Algumas séries de TV, como “Lei e Ordem”, tratam de temas parecidos com os que você apresenta em Crime – a pedofilia, por exemplo. Usou algum desses seriados como referência?
Não, nunca vi um capítulo de “Lei e Ordem” na minha vida.
Você teve algum autor como referência ao escrever a obra?
Não, estudei relatórios médicos e participei de reuniões de grupos de sobreviventes de abuso sexual.
Você descreve Edimburgo (capital da Escócia) em alguns livros e, especificamente em Crime, criou um contraste entre a cultura escocesa de Ray e a cultura norte-americana. Você se considera um retratista de Edimburgo?
Acredito que sim, mas qualquer um que escreve sobre um lugar é um retratista apenas pelo simples ato de escrever.
Qual o próximo projeto?
Meu novo livro será lançado no ano que vem. Será uma continuação de Trainspotting, desta vez tendo Miami como cenário.
(2) Comentários
Deixe o seu comentário
Você precisa fazer o login para publicar um comentário.

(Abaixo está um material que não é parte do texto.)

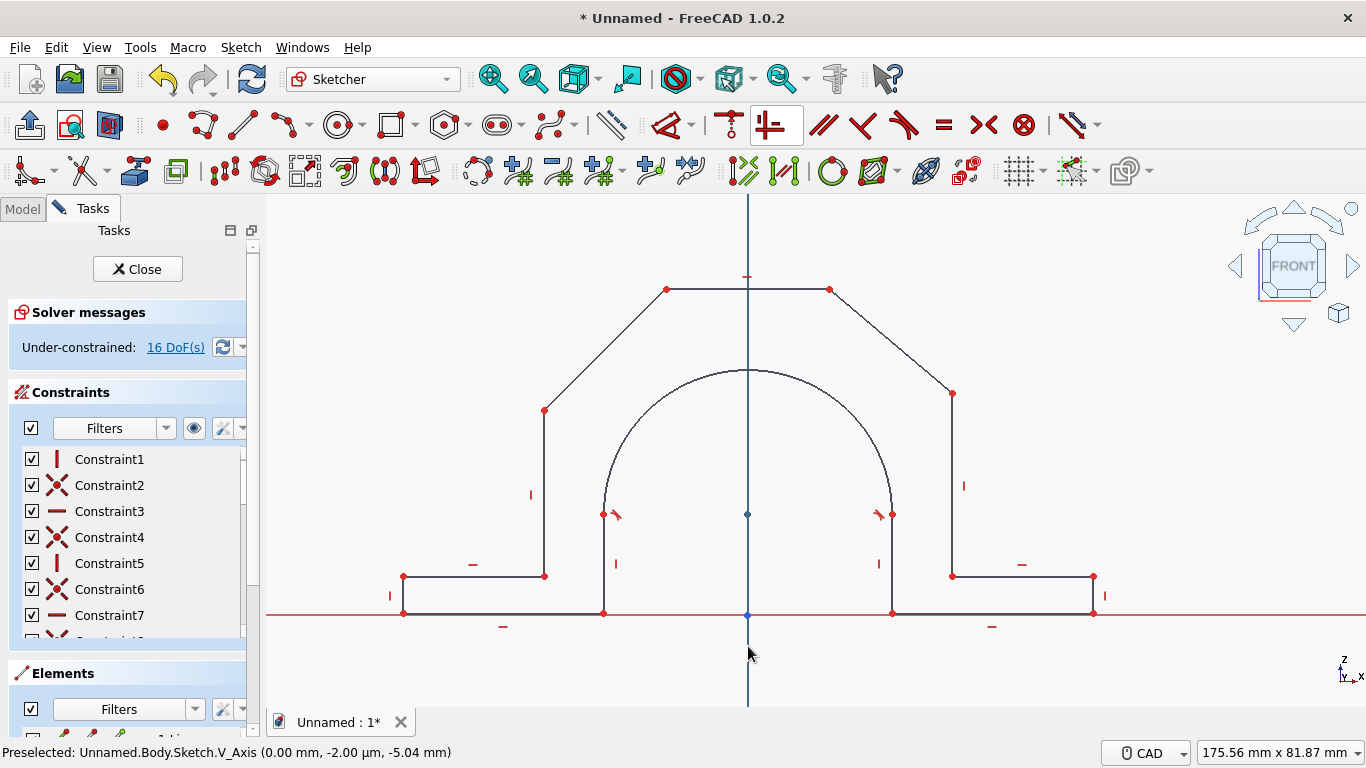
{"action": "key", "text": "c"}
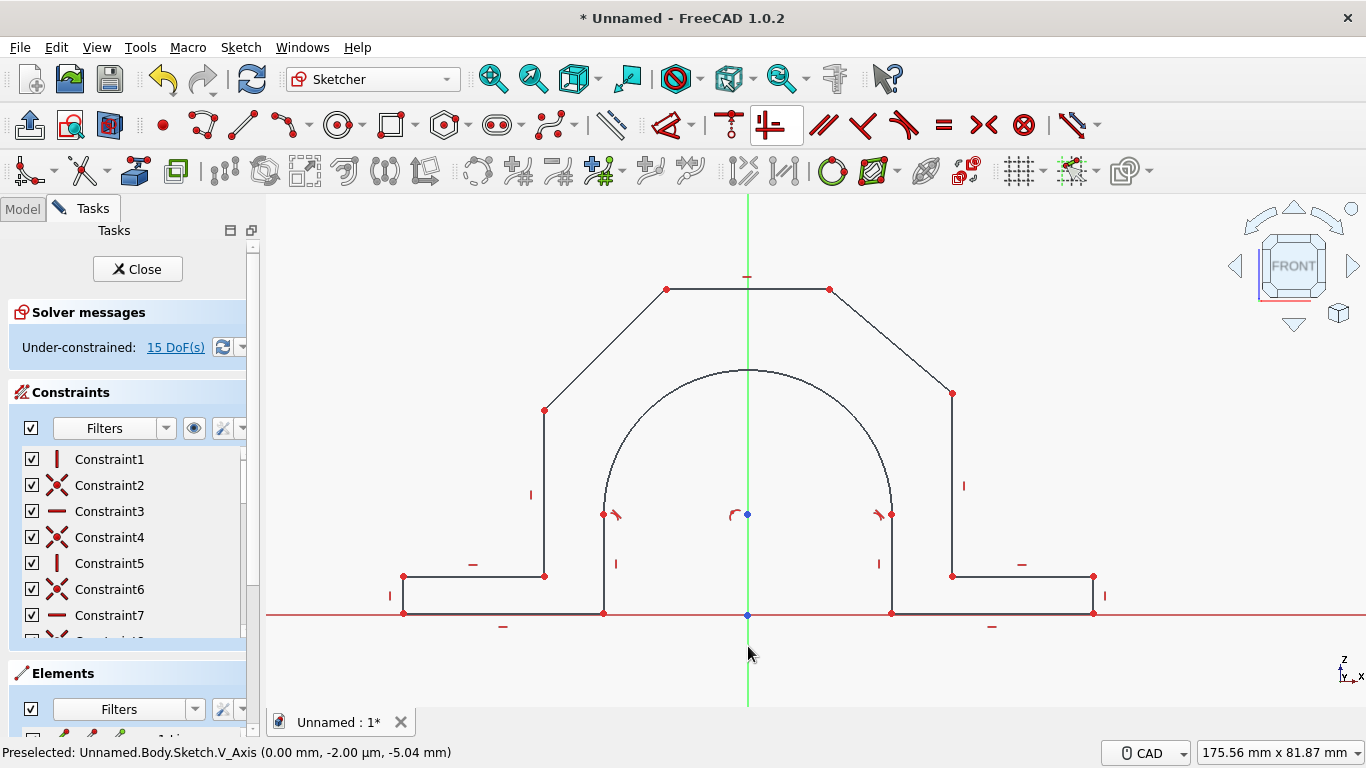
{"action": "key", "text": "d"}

Miami é uma cidade sinistra e suspeita? e Londres? e Oslo? e Berlim? e Paris? Miami é uma metrópole como outra qualquer, com problemas típicos de uma metrópole. Ou alguém aí costuma dar um pulinho na periferia desses grandes centros metropolitanos europeus?? Duvido muito. A diferença na verdade reside no preconceito do autor, visto que Miami é uma cidade tipicamente latina. A Europa branca, vamos e convenhamos, continua racista, fascista e elitista. Não leio nem lerei o livro.
Não me agradou a entrevista.
Este livro teria grandes chances de ser lido por mim por ser do Welsh.
Não sei graças a quem… à soberba dele ou à falta de cuidados da edição. Enfim… não lerei.